Extracted information Block Start
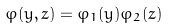<formula> <loc_0><loc_0><loc_500><loc_500>\varphi ( y , z ) = { \varphi } _ { 1 } ( y ) { \varphi } _ { 2 } ( z )</formula> 
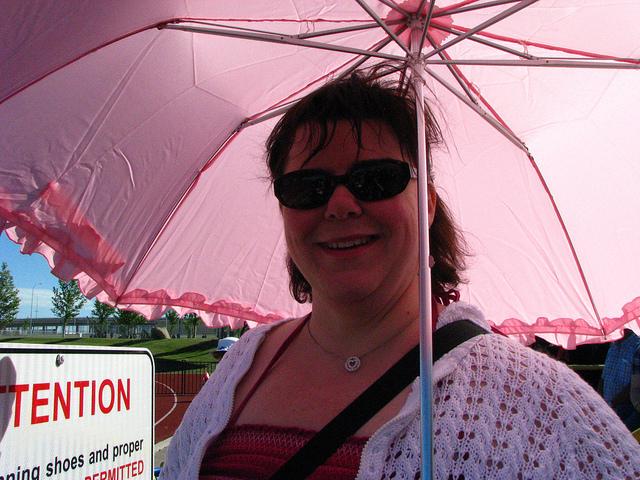What color is her umbrella?
Answer briefly. Pink. Why does she have an umbrella?
Be succinct. Sun. Where are they at?
Give a very brief answer. Golf course. 
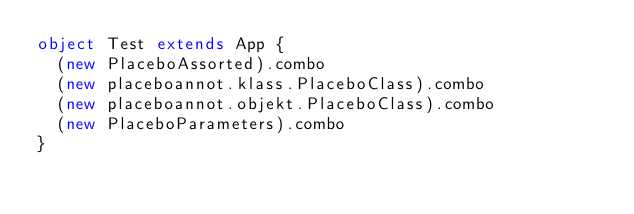<code> <loc_0><loc_0><loc_500><loc_500><_Scala_>object Test extends App {
  (new PlaceboAssorted).combo
  (new placeboannot.klass.PlaceboClass).combo
  (new placeboannot.objekt.PlaceboClass).combo
  (new PlaceboParameters).combo
}
</code> 
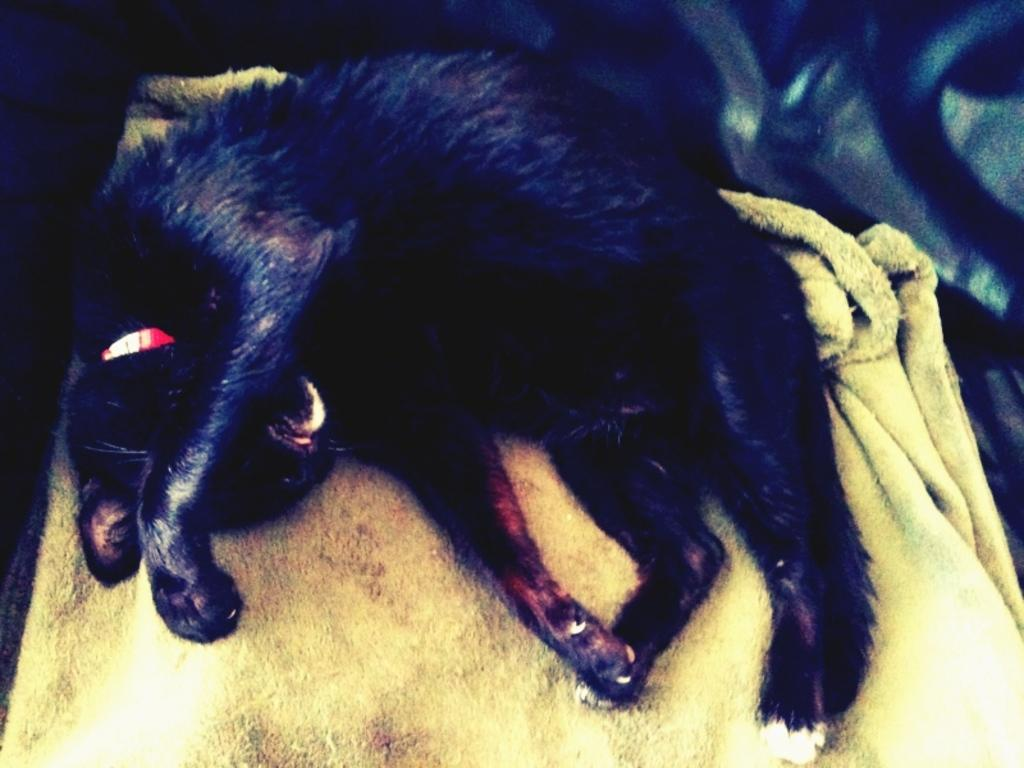What type of animal is in the picture? There is a black color cat in the picture. What is the cat sitting or lying on? The cat is on a cloth. Is there any accessory or item around the cat's neck? Yes, the cat has a red color belt around its neck. What type of oil is being used to cook the spoon in the image? There is no oil or spoon present in the image; it features a black color cat with a red color belt around its neck. 
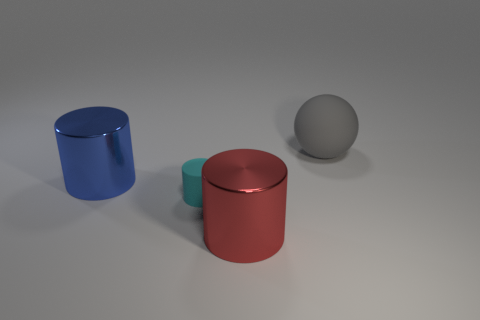Subtract all cyan cylinders. How many cylinders are left? 2 Subtract all cyan cylinders. How many cylinders are left? 2 Add 1 small cyan cylinders. How many objects exist? 5 Subtract all cylinders. How many objects are left? 1 Add 3 big metal cylinders. How many big metal cylinders are left? 5 Add 2 big purple spheres. How many big purple spheres exist? 2 Subtract 0 gray cubes. How many objects are left? 4 Subtract 1 spheres. How many spheres are left? 0 Subtract all blue spheres. Subtract all gray blocks. How many spheres are left? 1 Subtract all gray cylinders. How many blue spheres are left? 0 
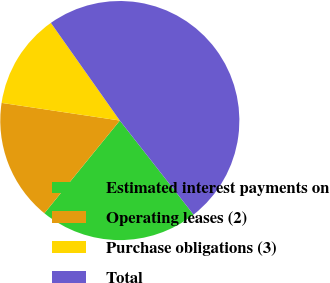Convert chart to OTSL. <chart><loc_0><loc_0><loc_500><loc_500><pie_chart><fcel>Estimated interest payments on<fcel>Operating leases (2)<fcel>Purchase obligations (3)<fcel>Total<nl><fcel>21.45%<fcel>16.49%<fcel>12.86%<fcel>49.2%<nl></chart> 
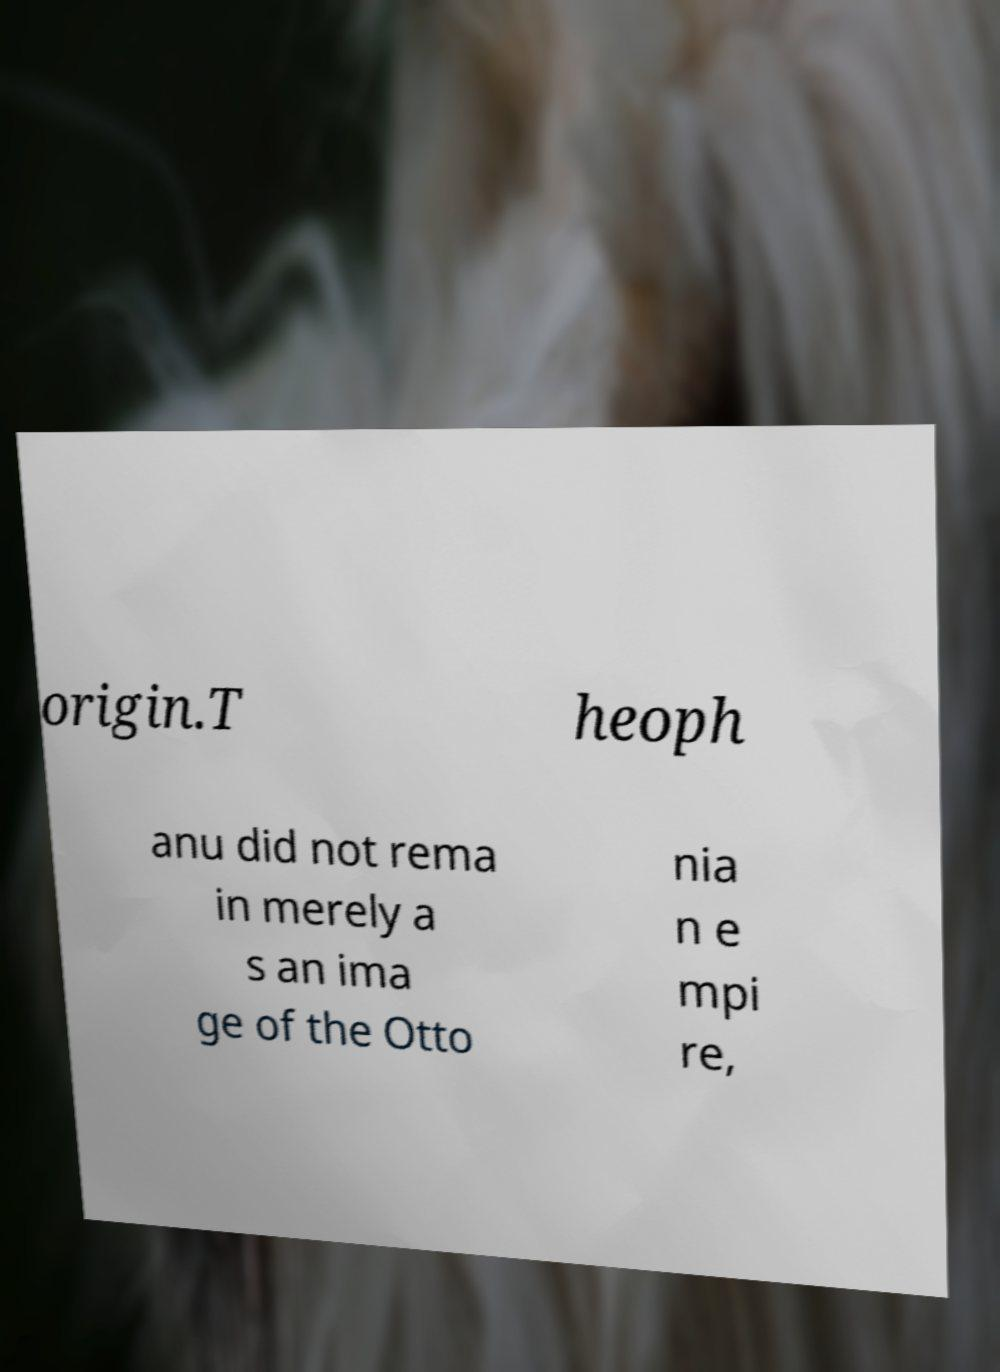What messages or text are displayed in this image? I need them in a readable, typed format. origin.T heoph anu did not rema in merely a s an ima ge of the Otto nia n e mpi re, 
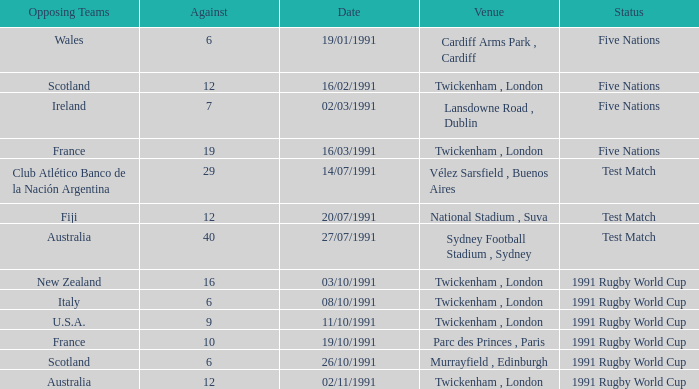Who was the opposing team against australia on 27/07/1991? 40.0. 
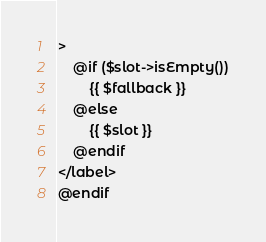<code> <loc_0><loc_0><loc_500><loc_500><_PHP_>>
    @if ($slot->isEmpty())
        {{ $fallback }}
    @else
        {{ $slot }}
    @endif
</label>
@endif
</code> 
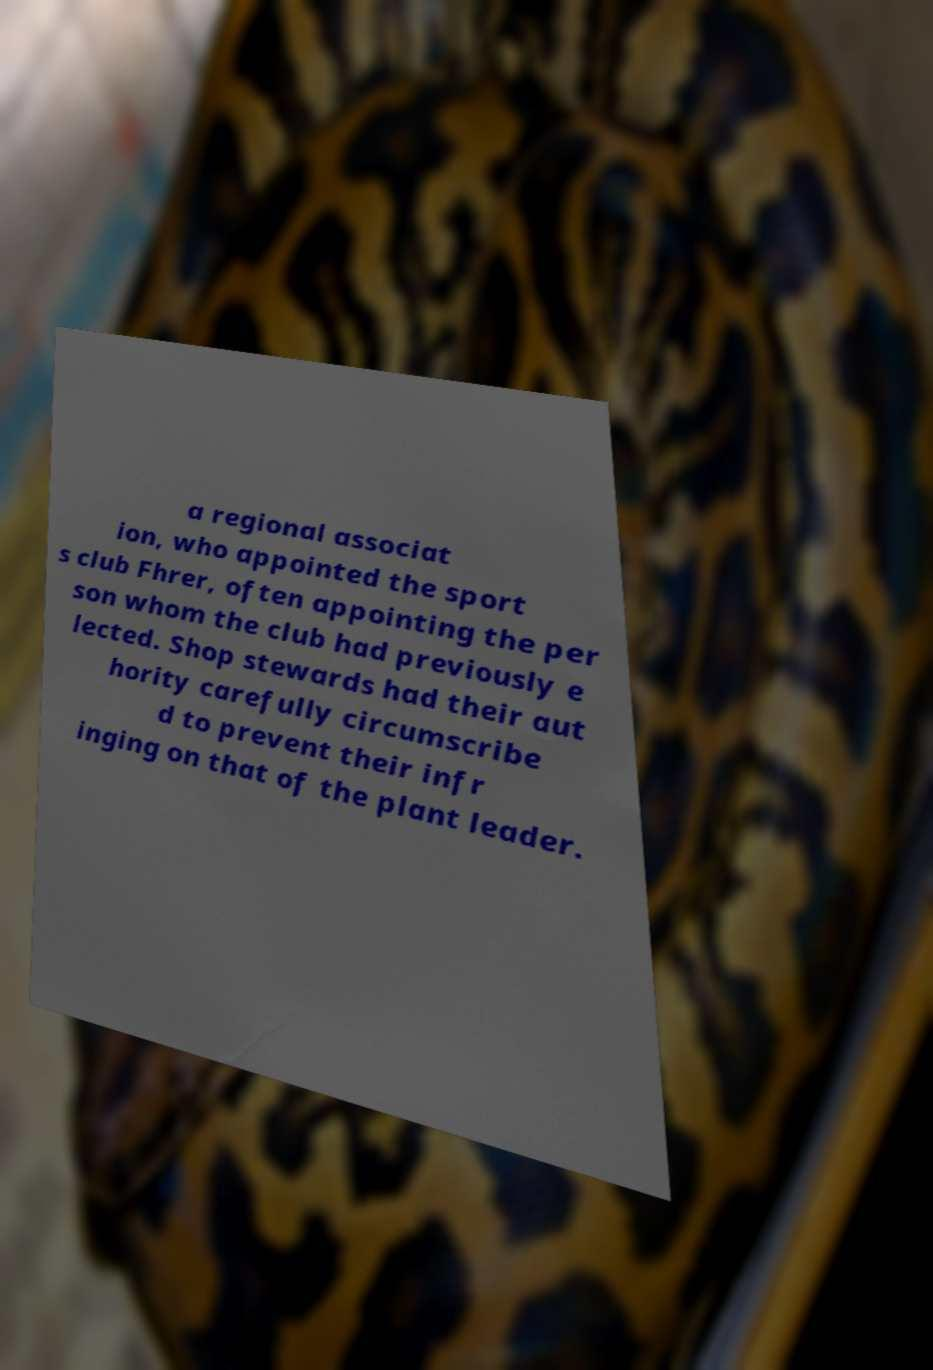Could you extract and type out the text from this image? a regional associat ion, who appointed the sport s club Fhrer, often appointing the per son whom the club had previously e lected. Shop stewards had their aut hority carefully circumscribe d to prevent their infr inging on that of the plant leader.
Extracted information Block End
Take from the listing every line in which the word "placeboannot" appears.

Output below
  (new placeboannot.klass.PlaceboClass).combo
  (new placeboannot.objekt.PlaceboClass).combo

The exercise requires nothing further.